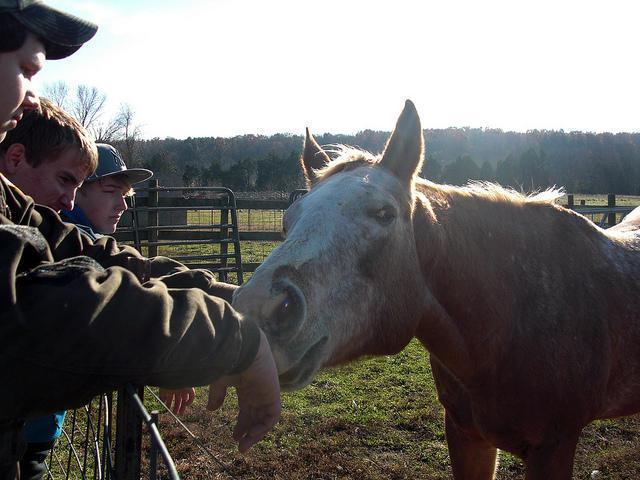How many eyes are shown?
Give a very brief answer. 4. How many people can you see?
Give a very brief answer. 3. How many birds are there?
Give a very brief answer. 0. 
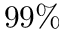<formula> <loc_0><loc_0><loc_500><loc_500>9 9 \%</formula> 
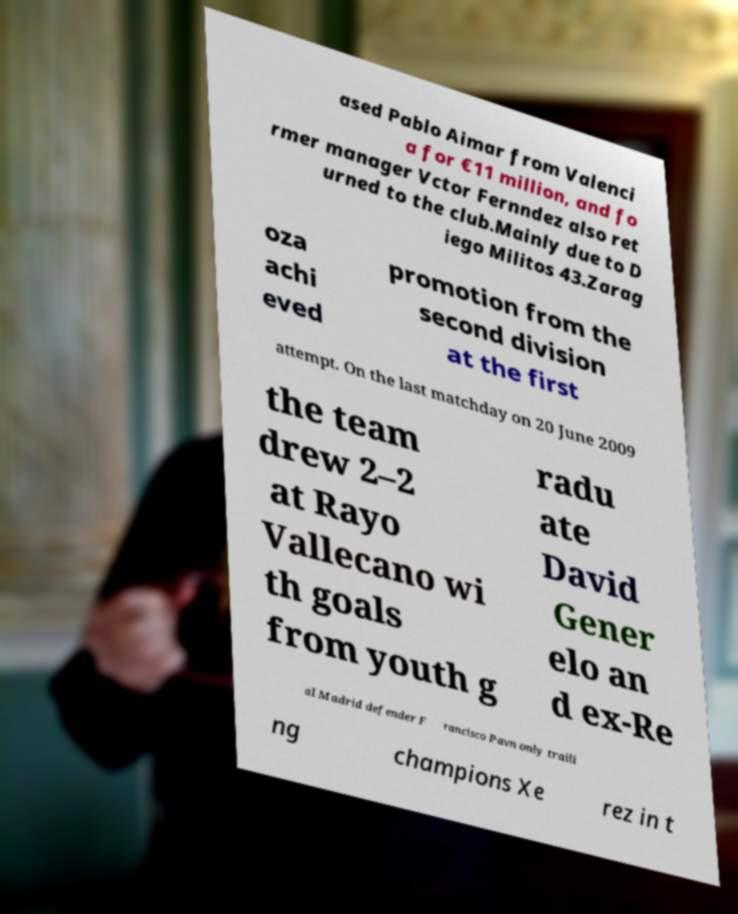Could you assist in decoding the text presented in this image and type it out clearly? ased Pablo Aimar from Valenci a for €11 million, and fo rmer manager Vctor Fernndez also ret urned to the club.Mainly due to D iego Militos 43.Zarag oza achi eved promotion from the second division at the first attempt. On the last matchday on 20 June 2009 the team drew 2–2 at Rayo Vallecano wi th goals from youth g radu ate David Gener elo an d ex-Re al Madrid defender F rancisco Pavn only traili ng champions Xe rez in t 
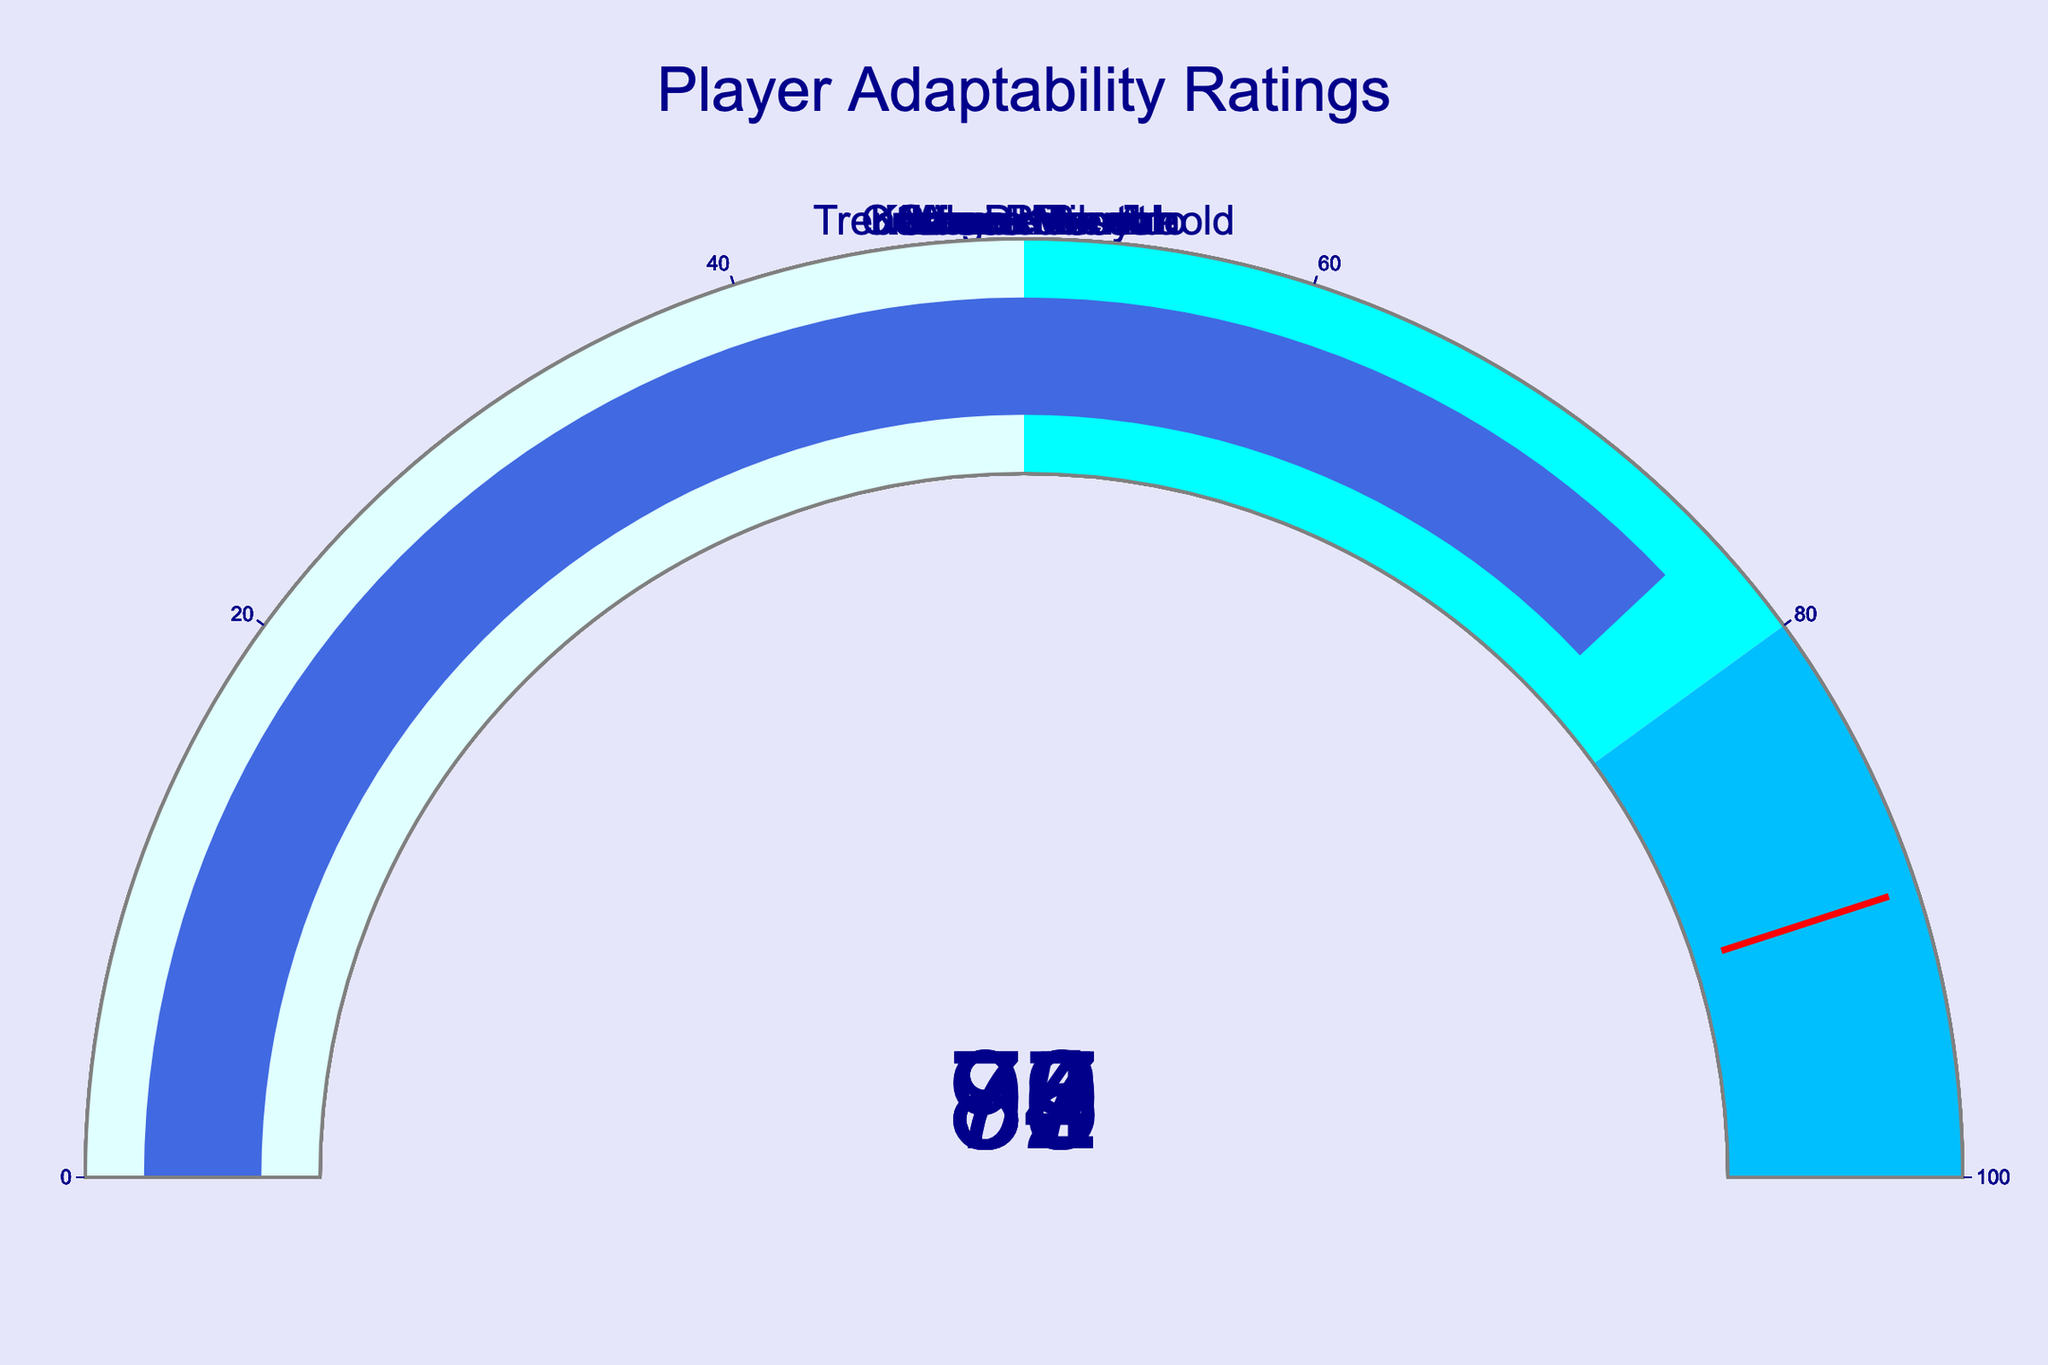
________________________________________
Filter the records above for "answer" and copy every matching line.

• Solved exercise
Give a very brief answer. 4. How many people can you see?
Give a very brief answer. 3. How many birds are there?
Give a very brief answer. 0. 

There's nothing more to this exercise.